◆ Prompt:
Transcribe, exactly and in full, every line from the one including "1.43. What is" to the end of the listing.

◆ Task inputs:
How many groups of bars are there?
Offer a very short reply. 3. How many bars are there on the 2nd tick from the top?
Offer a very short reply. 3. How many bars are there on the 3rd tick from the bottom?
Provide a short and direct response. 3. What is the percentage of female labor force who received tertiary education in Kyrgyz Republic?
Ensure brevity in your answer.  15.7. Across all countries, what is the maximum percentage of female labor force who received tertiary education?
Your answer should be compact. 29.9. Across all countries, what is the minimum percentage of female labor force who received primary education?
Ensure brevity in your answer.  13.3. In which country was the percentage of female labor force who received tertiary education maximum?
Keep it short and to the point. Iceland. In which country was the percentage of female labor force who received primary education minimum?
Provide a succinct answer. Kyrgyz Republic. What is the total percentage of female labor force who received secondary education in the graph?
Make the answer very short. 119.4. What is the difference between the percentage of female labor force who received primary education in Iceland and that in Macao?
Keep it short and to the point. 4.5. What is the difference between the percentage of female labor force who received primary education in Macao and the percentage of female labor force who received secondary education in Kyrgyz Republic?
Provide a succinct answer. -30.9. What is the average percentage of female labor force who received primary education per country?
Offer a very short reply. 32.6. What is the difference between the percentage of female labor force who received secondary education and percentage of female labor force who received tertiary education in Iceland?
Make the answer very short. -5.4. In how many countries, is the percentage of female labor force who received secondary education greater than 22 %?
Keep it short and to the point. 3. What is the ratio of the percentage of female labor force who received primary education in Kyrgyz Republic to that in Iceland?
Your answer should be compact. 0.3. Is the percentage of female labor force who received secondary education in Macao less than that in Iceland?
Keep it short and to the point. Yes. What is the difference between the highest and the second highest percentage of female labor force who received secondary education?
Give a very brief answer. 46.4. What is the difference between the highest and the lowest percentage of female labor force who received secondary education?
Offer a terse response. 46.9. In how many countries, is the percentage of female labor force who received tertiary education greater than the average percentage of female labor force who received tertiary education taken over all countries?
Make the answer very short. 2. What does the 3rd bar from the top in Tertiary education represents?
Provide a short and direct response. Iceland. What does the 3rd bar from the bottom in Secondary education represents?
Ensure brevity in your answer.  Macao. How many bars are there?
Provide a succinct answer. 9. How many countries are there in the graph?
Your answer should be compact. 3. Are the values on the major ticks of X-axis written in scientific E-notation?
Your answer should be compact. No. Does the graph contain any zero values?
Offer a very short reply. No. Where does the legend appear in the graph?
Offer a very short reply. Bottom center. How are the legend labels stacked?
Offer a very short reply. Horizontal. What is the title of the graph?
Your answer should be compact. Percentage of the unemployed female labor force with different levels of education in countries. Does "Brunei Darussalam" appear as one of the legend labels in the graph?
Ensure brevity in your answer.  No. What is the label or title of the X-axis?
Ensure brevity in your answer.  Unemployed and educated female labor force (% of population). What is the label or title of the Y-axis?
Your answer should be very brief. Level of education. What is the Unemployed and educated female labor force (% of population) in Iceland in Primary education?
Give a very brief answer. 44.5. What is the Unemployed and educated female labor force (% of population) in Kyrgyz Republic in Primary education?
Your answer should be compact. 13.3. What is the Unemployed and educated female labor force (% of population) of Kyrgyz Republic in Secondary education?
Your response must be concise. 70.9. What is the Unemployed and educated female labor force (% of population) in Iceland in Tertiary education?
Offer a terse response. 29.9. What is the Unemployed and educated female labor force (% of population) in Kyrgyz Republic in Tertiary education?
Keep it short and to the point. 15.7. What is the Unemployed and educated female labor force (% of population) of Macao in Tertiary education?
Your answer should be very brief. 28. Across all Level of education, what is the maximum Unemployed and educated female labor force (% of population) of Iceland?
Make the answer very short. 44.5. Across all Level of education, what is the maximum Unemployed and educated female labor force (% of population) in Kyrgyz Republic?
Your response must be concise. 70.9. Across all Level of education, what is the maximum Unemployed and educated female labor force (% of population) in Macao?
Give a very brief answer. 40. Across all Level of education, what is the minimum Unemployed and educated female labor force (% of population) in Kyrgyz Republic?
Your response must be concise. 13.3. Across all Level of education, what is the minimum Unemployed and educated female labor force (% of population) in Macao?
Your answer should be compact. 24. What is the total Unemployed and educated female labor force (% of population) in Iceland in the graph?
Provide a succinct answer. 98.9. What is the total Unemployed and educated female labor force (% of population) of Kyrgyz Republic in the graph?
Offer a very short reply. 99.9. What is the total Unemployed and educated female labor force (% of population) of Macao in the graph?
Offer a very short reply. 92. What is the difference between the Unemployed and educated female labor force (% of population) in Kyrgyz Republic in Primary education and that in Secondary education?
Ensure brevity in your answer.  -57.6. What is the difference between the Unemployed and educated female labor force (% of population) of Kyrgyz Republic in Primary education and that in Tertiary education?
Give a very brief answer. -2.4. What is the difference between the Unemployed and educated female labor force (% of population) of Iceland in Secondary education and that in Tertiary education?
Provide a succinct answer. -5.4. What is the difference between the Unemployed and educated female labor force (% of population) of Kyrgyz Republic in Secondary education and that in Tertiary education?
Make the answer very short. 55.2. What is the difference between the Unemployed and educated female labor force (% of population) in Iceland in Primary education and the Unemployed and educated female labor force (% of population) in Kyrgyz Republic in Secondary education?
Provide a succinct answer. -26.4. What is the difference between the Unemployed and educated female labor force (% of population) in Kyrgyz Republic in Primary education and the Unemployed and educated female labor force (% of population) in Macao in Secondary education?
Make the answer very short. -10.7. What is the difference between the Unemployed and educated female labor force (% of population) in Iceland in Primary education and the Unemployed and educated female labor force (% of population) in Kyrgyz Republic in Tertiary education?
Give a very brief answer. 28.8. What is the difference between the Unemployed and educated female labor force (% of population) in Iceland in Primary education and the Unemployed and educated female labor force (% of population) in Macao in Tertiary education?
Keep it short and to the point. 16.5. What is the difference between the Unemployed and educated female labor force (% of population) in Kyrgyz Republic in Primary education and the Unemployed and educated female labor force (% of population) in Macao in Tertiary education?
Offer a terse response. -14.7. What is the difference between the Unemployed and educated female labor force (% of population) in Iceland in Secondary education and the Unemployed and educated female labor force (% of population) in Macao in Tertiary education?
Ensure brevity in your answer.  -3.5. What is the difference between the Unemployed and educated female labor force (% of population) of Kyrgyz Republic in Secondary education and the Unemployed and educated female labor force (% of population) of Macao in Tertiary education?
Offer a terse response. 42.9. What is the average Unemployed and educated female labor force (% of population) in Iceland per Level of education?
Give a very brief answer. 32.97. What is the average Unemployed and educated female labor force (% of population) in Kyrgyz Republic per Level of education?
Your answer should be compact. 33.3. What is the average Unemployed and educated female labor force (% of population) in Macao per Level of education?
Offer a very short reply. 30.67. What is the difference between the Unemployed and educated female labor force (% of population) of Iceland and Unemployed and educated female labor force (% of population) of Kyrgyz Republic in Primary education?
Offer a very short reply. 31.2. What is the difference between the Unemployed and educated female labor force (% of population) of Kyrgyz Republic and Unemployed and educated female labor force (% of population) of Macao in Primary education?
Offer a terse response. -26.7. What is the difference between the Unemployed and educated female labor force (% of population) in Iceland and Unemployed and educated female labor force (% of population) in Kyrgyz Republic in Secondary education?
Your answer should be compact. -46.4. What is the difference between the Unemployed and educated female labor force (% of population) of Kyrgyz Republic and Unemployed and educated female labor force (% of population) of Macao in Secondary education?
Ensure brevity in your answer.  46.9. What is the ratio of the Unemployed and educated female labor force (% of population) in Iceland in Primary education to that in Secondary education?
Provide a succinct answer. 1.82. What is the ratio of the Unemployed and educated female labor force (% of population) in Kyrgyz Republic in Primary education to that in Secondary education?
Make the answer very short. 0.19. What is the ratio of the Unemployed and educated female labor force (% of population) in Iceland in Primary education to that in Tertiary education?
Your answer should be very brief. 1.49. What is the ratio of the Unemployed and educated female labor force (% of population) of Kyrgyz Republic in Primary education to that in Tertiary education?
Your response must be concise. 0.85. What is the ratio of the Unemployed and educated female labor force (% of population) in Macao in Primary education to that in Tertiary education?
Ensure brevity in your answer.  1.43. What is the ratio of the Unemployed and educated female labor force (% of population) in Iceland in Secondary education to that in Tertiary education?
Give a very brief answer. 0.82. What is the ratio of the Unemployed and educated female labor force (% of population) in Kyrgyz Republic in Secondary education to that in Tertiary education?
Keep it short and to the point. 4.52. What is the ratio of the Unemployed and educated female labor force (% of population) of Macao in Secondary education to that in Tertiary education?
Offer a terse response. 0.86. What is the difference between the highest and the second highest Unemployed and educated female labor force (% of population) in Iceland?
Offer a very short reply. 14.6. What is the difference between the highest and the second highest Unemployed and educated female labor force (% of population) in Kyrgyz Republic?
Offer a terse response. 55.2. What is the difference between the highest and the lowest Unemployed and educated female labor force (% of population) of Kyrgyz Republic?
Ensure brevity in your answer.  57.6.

◆ Expected answer:
Ensure brevity in your answer.  1.43. What is the ratio of the Unemployed and educated female labor force (% of population) in Iceland in Secondary education to that in Tertiary education?
Give a very brief answer. 0.82. What is the ratio of the Unemployed and educated female labor force (% of population) in Kyrgyz Republic in Secondary education to that in Tertiary education?
Keep it short and to the point. 4.52. What is the ratio of the Unemployed and educated female labor force (% of population) of Macao in Secondary education to that in Tertiary education?
Offer a terse response. 0.86. What is the difference between the highest and the second highest Unemployed and educated female labor force (% of population) in Iceland?
Offer a very short reply. 14.6. What is the difference between the highest and the second highest Unemployed and educated female labor force (% of population) in Kyrgyz Republic?
Offer a terse response. 55.2. What is the difference between the highest and the lowest Unemployed and educated female labor force (% of population) of Kyrgyz Republic?
Ensure brevity in your answer.  57.6.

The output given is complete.